Coming after your first two novels, The Mayor’s Tongue (an imaginative sand telling story of shared miscommunications in everyday relationships) and Odds Against Tomorrow (a catastrophic look at the effects of a major hurricane that hits Manhattan)–it seems that King Zeno is in many ways a departure from their style in that it is a historical novel based in part on real-life events (including the still unsolved “Axeman murders”) in New Orleans as World War I was drawing to a close in 1918. Did you feel like you were in some ways “switching gears” with King Zeno?

In a number of superficial ways King Zeno is unlike the earlier two–just as the first two novels are unlike each other. They are set in very different periods with characters who wouldn’t know what to make of each other if they showed up in the same room together (something like this happens at the end of The Mayor’s Tongue). But all of the novels came about the same way, from an initial suggestion–in this case, a historical article in the New Orleans Times-Picayune–that attracted other ideas and stories and subconscious embellishments until it had achieved the weight and requisite spookiness of a novel.

The are commonalities that go deeper than questions of plot and setting. Each of the novels contends with a desire to examine a problem without an easy resolution: the limits of language (The Mayor’s Tongue); the fear of the future (Odds Against Tomorrow); the desire for immortality (King Zeno). Each novel also balances on a knife’s edge between a plausible, lifelike reality and a fantasy realm, so in that way they all seem to me to occupy the same world. And the sensibility, or the voice, is the same–an inevitability, since they were written by the same person.

With in-depth stories of each of the three main characters that converge at the end, set in New Orleans during a severe Spanish Flu epidemic, the Axeman murders, the growing popularity of jazz, and the construction of the industrial canal connecting the Mississippi River with Lake Pontchartrain, there is a lot going on in King Zeno. With so much historical detail to cover, how did you conduct the research for this book, and how long did it take?

king zenoThe initial idea grew out of my fascination with two historical events: the series of unsolved ax murders that reached its culmination with a bizarre letter to the Times-Picayune; and the excavation of the Industrial Canal, a hubristic manhandling of the local terrain that has haunted New Orleans ever since.
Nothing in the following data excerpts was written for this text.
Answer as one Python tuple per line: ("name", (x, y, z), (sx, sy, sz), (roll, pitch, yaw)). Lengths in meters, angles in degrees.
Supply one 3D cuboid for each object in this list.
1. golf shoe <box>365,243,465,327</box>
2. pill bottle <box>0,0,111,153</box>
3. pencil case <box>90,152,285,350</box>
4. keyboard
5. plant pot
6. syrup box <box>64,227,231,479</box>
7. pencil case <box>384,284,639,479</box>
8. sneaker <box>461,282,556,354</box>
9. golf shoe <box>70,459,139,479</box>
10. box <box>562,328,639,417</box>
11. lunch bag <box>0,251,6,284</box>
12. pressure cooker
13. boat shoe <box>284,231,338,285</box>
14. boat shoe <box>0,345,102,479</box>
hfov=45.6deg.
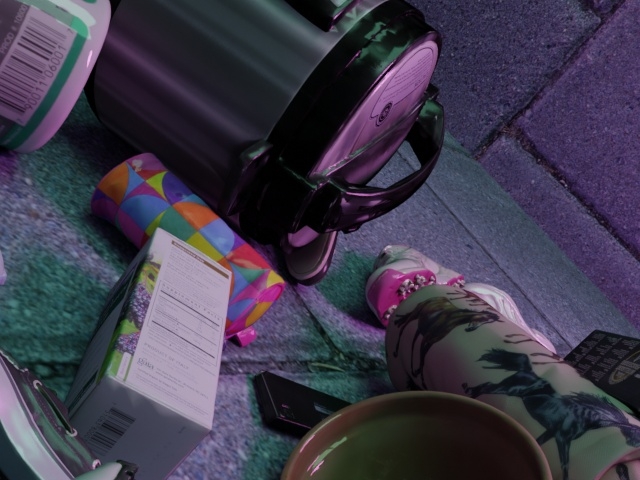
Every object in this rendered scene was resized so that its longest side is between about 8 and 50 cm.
("golf shoe", (0.125, 0.066, 1.223), (0.140, 0.115, 0.306), (39, 11, 24))
("pill bottle", (-0.411, -0.249, 0.739), (0.361, 0.204, 0.204), (28, 24, -33))
("pencil case", (-0.147, 0.010, 0.846), (0.236, 0.104, 0.104), (46, 21, 10))
("keyboard", (0.010, 0.207, 0.834), (0.180, 0.023, 0.108), (27, 19, -33))
("plant pot", (0.087, 0.250, 0.684), (0.237, 0.238, 0.109), (-93, 174, -62))
("syrup box", (-0.148, 0.095, 0.673), (0.096, 0.093, 0.237), (34, 22, -19))
("pencil case", (0.221, 0.201, 0.845), (0.410, 0.160, 0.183), (-136, -154, -62))
("sneaker", (0.324, 0.167, 1.344), (0.232, 0.090, 0.115), (40, 25, 2))
("golf shoe", (-0.187, 0.172, 0.409), (0.094, 0.077, 0.198), (35, 42, 16))
("box", (0.459, 0.254, 0.893), (0.318, 0.097, 0.395), (47, 1, 5))
("lunch bag", (-0.307, 0.012, 0.617), (0.083, 0.053, 0.071), (37, 16, 17))
("pressure cooker", (-0.040, -0.192, 0.995), (0.420, 0.369, 0.375), (37, -6, 11))
("boat shoe", (0.000, 0.000, 1.152), (0.079, 0.084, 0.233), (61, 17, -26))
("boat shoe", (-0.203, 0.134, 0.524), (0.228, 0.080, 0.076), (47, 15, 11))

I visited the New Orleans Historical Collection and the Louisiana Research Collection at Tulane, devouring newspapers and other publications from the period. The newspaper crime journalism, written in a breathless, panicky, Gothic style, gave me an element of the novel’s tone.

Louis Armstrong would have been about 18 during the action of the novel, about the same age as Isadore Zeno. His memoir about growing up in New Orleans, Satchmo, has novelistic detail about life in the part of the city then known as Battleground, explaining, for instance, the differences between a third-rate and second-rate honky-tonk; which railroad tracks grew the best medicinal herbs; where to buy fish heads cheap. Jelly Roll Morton’s conversations about the period with Alan Lomax, Mister Jelly Roll, taught me how to “shoot the agate” and how to pass as a “sweetback man.” There are a few other fascinating books about jazz in the period: Louis Armstrong’s New Orleans by Thomas Brothers; Donald M. Marquis’s In Search of Buddy Bolden, and John McCusker’s Creole Trombone.

My most valuable source, however, was an oral history project conducted by the Friends of the Cabildo historical society. Beginning in the 1970s, these amateur historian set out to interview elderly New Orleanians about their pasts. There are roughly 200 interviews in total, most of them conducted about 40 to 30 years ago. They are only available on cassette tape at the New Orleans Public Library’s Louisiana Division. I was able to find about tow dozen interviews in which the subjects recalled life in New Orleans between 1910 and 1920. From those conversations, I learned that the great merchant ships from Buenos Aires brought to the wharves sacks of coffee, bones, and dried blood; that riding the ferry back and forth across the Mississippi was through to be a cure for whooping cough; that the chimney man used a palmetto frond for a brush.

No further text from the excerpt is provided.